Apr 17, 2020
In COVID-related AI topics, Andy and Dave discuss an emerging
crop (no less than three!) of COVID-19 cough detectors that attempt
to diagnose the presence of COVID by various voice measurements. In
a similar vein, but for different purposes, the U.S. drone maker
Draganfly announces it is working with the Australian Department of
Defence to produce “pandemic drones,” which can detect coughing,
sneezing, and respiratory rate at a difference. Folding@home has
shifted its crowdsourcing computational power toward the COVID-19
problem set. In non-COVID news items, researchers at the University
of California San Francisco have used deep learning algorithms to
translate human brain signals for a set of 250 unique words, by
recording brain signals for sentences as patients read them. In
research, Uber AI and OpenAI announces their Enhanced POET (Pair
Open-ended Trailblazer), which uses a procedural environment to
create problems (gaps, stumps, stairs), which the agent then learns
to solve, producing a diverse range of sophisticated behaviors.

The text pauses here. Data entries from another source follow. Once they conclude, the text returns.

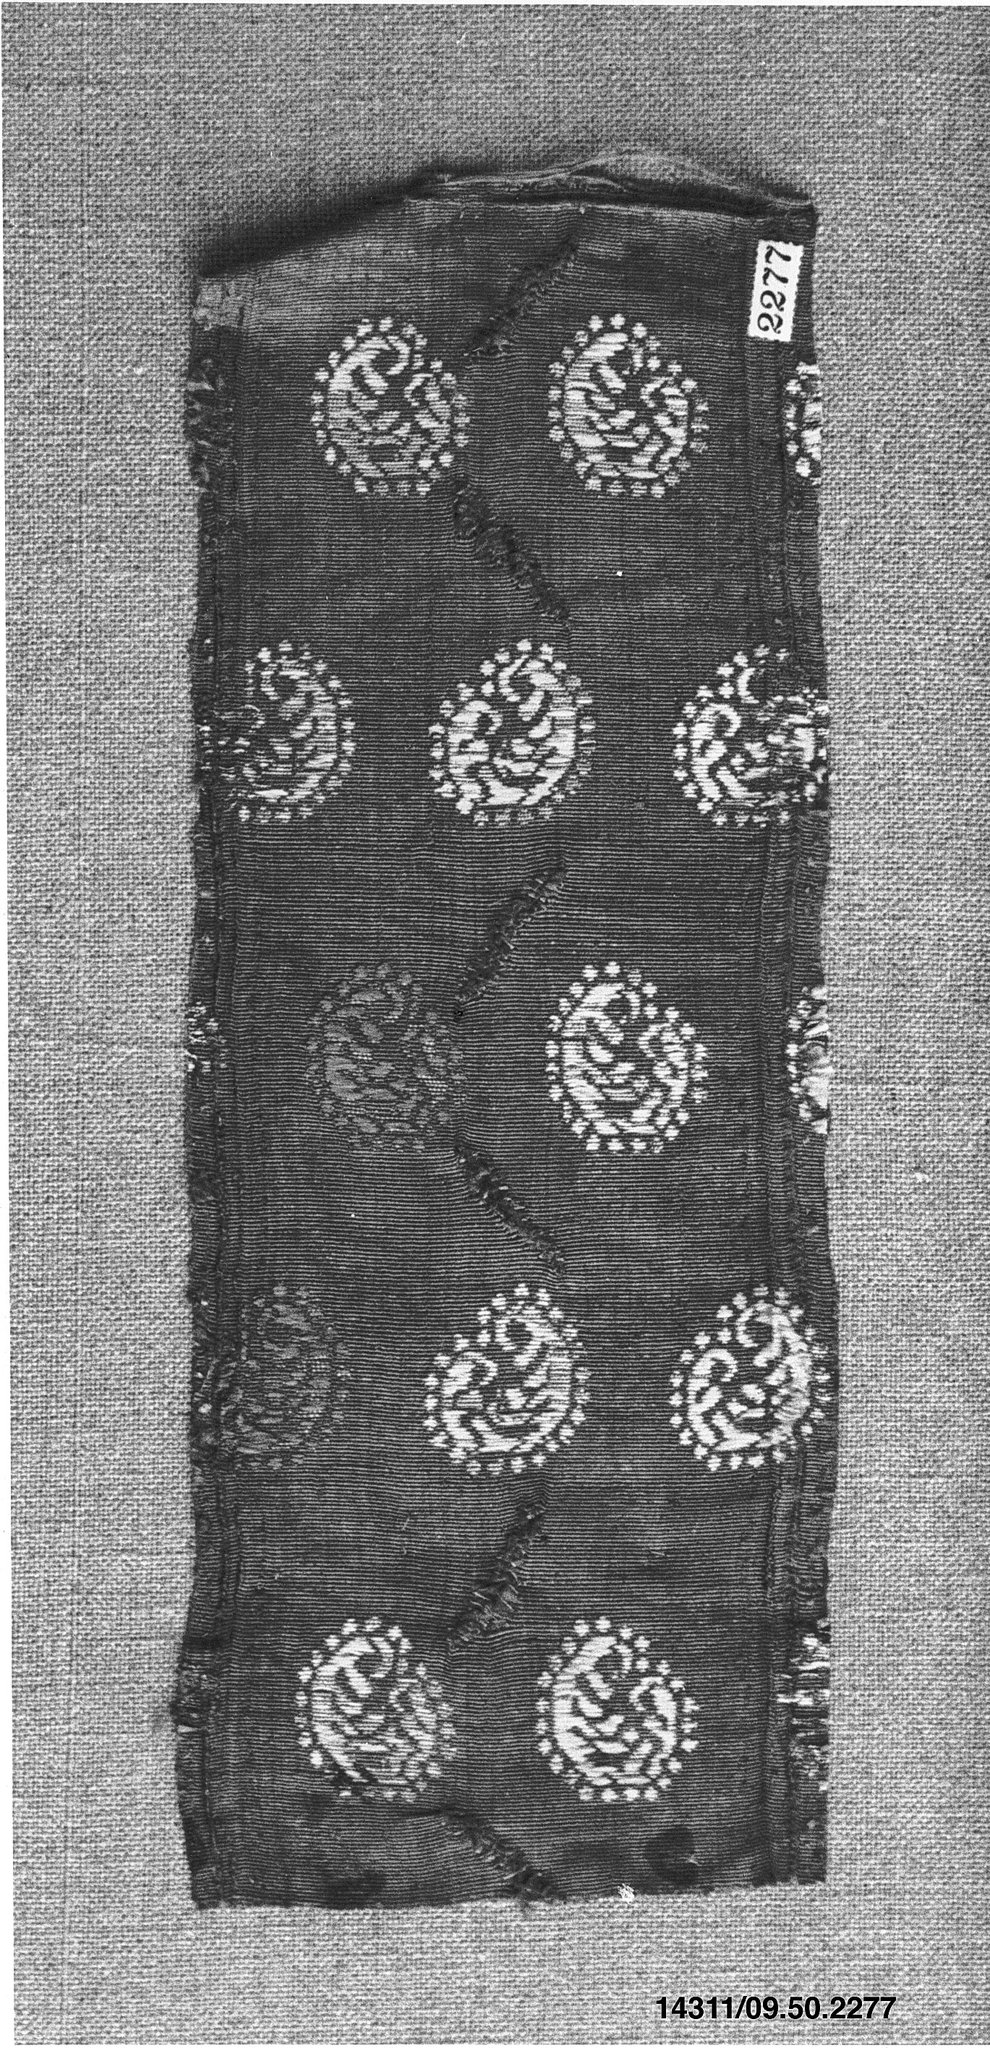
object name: piece
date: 1501-1700
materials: metal thread, silk
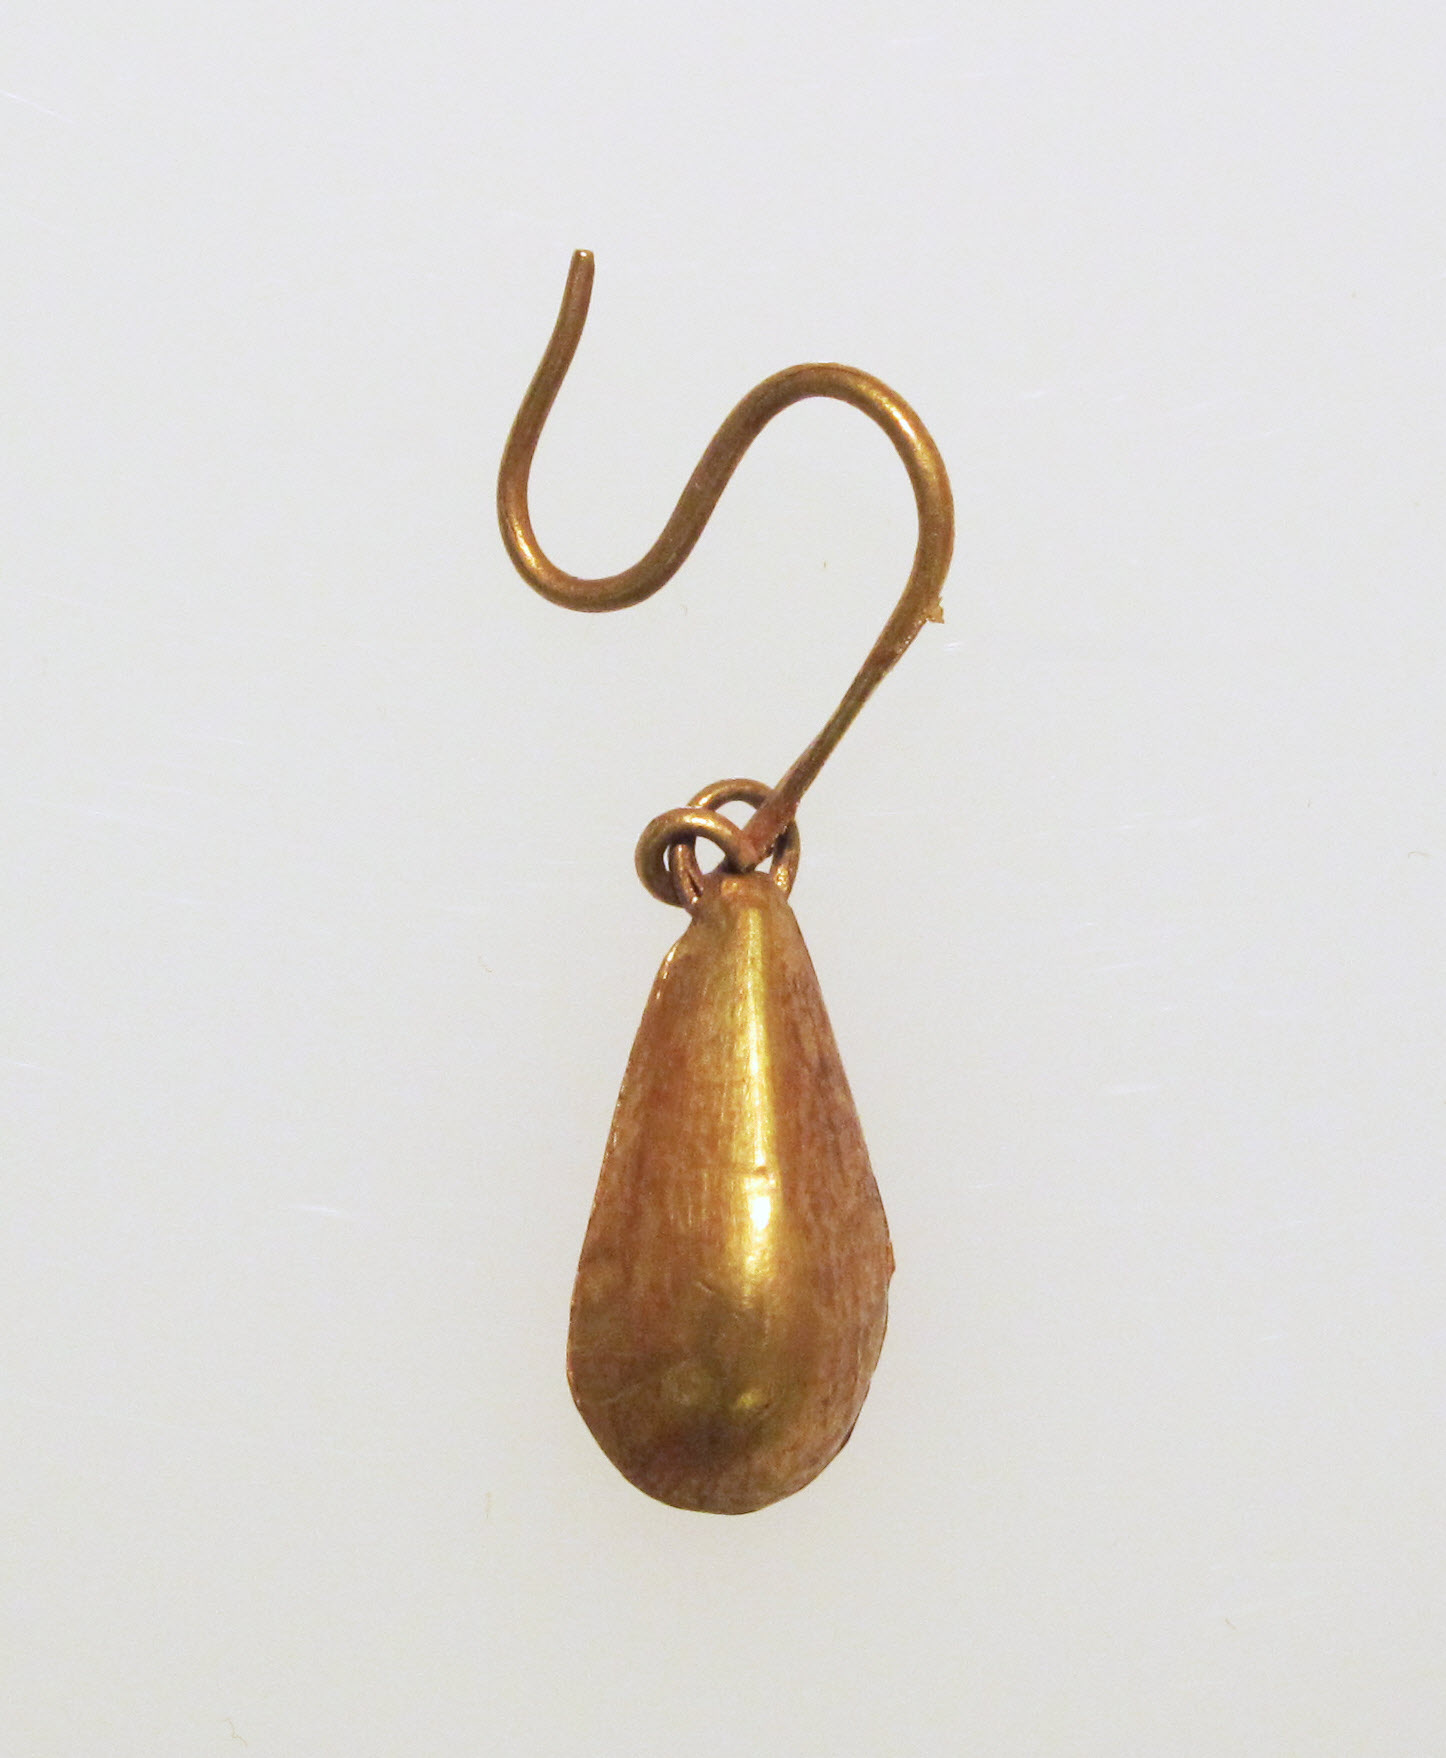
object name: earring hook type with pendant
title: Gold pendant earring
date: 7000 BCE-330 CE
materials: gold
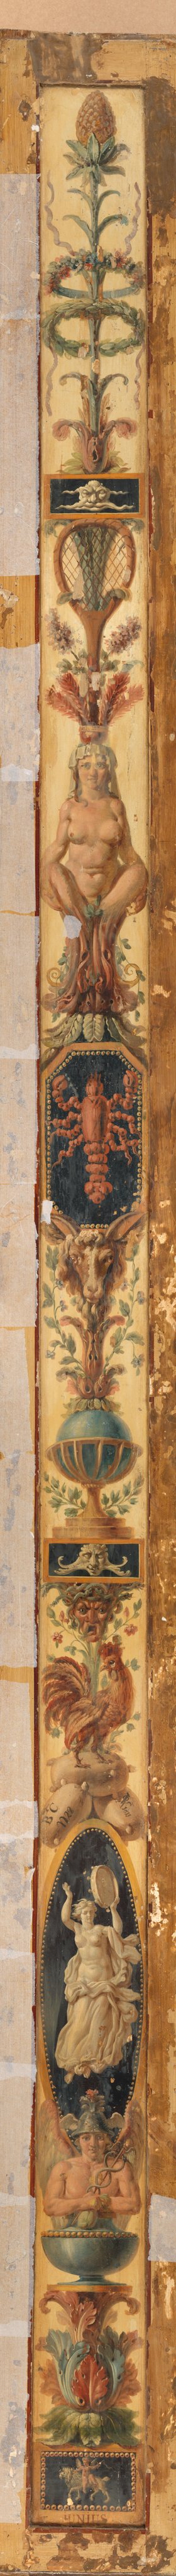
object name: painting
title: Nine Months with Signs of the Zodiac: June with the Sign of Cancer
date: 1791
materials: oil, panel
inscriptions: inscription, bottom centre: ‘Junius’ Junius
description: Zoals het opschrift onderaan vermeldt is het onderwerp van deze schildering de maand juni. Het teken van het sterrenbeeld Kreeft is afgebeeld op een reliëf met een zwart fond. Mercurius, beschermgod van juni, is te herkennen aan de Pegasus, cadaceus en beurs. De haan staat symbool voor zijn wakkerheid, de ram verwijst naar zijn rol als beschermer van herders en kudden en de racket met shuttle naar zijn beschermheerschap van de sport. De haan is overgenomen van de door Claude III Audran (1658-1734) omstreeks 1709 ontworpen tapijtenserie Le Douze Mois Grotesques, die door Jean Audran (1667-1756) in prent is gebracht. Op de prent met de maanden mei en juni zijn bij mei behalve een haan tevens een ram, handelswaar en rackets te zien, waarvan Maderna een eigen interpretatie heeft geschilderd. Een tweede inspiratiebron was Le antichità di Ercolano esposte (Napels 1757-1792). De vrouw met de tamboerijn is hieruit in detail gekopieerd (dl. 1 (1757), p. 109). Dit is de enige schildering uit de serie die verwijst naar Josephus Augustus Brentano (1753-1821), de opdrachtgever. De letters B.C. op een van de zakken staan voor het koopmanshuis Brentano & Comp. Ook de poedel, bereden door een putto, heeft een persoonlijke betekenis. Dat Brentano op zijn poedel was gesteld blijkt uit Maderna’s levensgrote portret van hem en zijn huisdier, het schouwstuk in de grote zaal, waar de hier besproken pilasterpanelen de wanden sierden (Stichting Brentano’s Steun des Ouderdoms, Amstelveen). Deze schildering maakt deel uit van een serie pilasterpanelen (SK-A-4142 t/m SK-A-4150), gemaakt in opdracht van Josephus Augustus Brentano (1753-1821) voor zijn huis Herengracht 544.
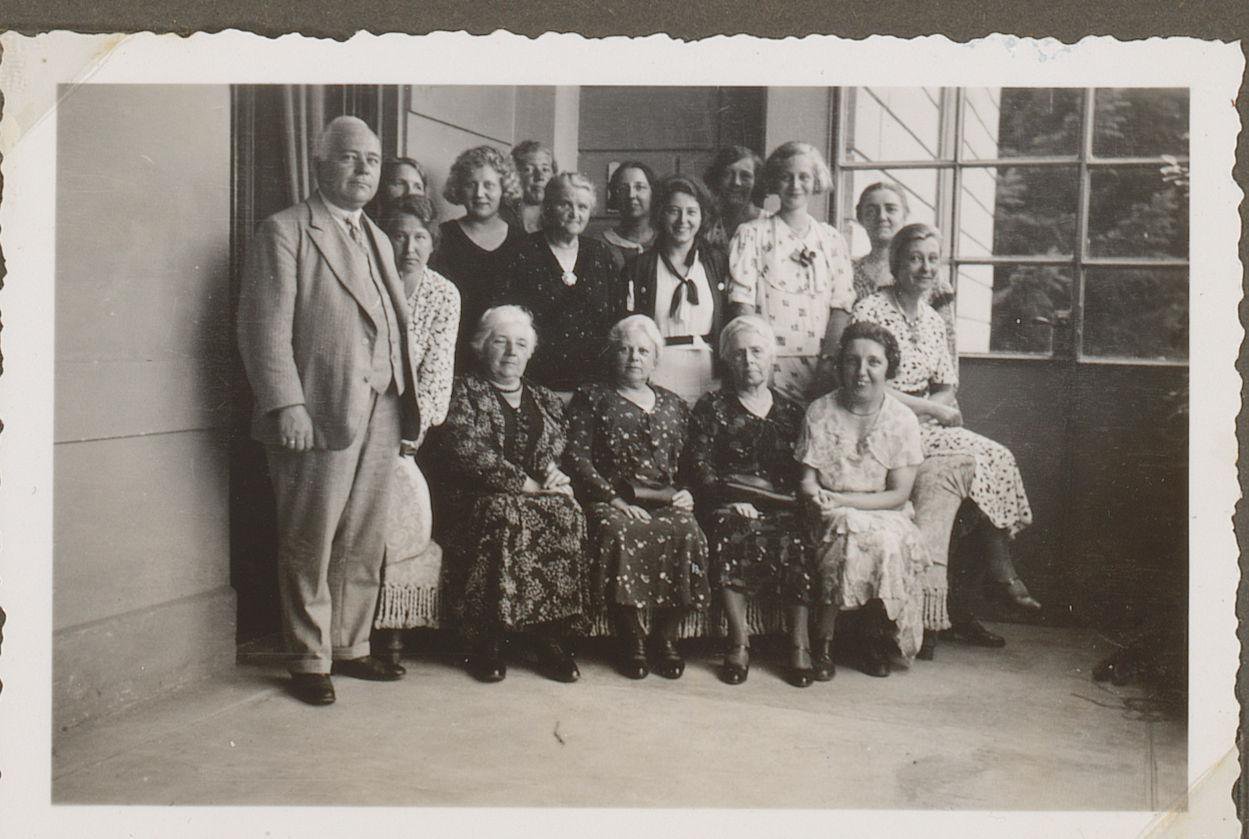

DeepMind reveals Agent57, the first reinforcement learning agent
capable of surpassing the human benchmark for all 57 Atari games
(though it still must be trained on each individually), using Never
Give Up (NGU) memory to identify new environments, as well
encouraging exploration and other components. The Survey of the
Week takes a look at the development of deep learning for
scientific discovery. A report from the BMJ suggests that studies
claiming that AI outperforms doctors are “arguably exaggerated,”
with a high risk to bias identified in 58 out of 81 studies. A New
Conception of War, by Ian Brown, makes the Free Book of the Week,
coming from the Marine Corps University Press; among many important
concepts, it stresses the importance of debate and intellectual
exploration among professional warfighters. Johns Hopkins APL is
hosting a virtual event on Operationalizing AI in Health on 21
April. And Intelligent Heath Inspired! seeks to hold the largest
summit on 25-27 May on the use of AI in medicine, with particular
focus on COVID-19.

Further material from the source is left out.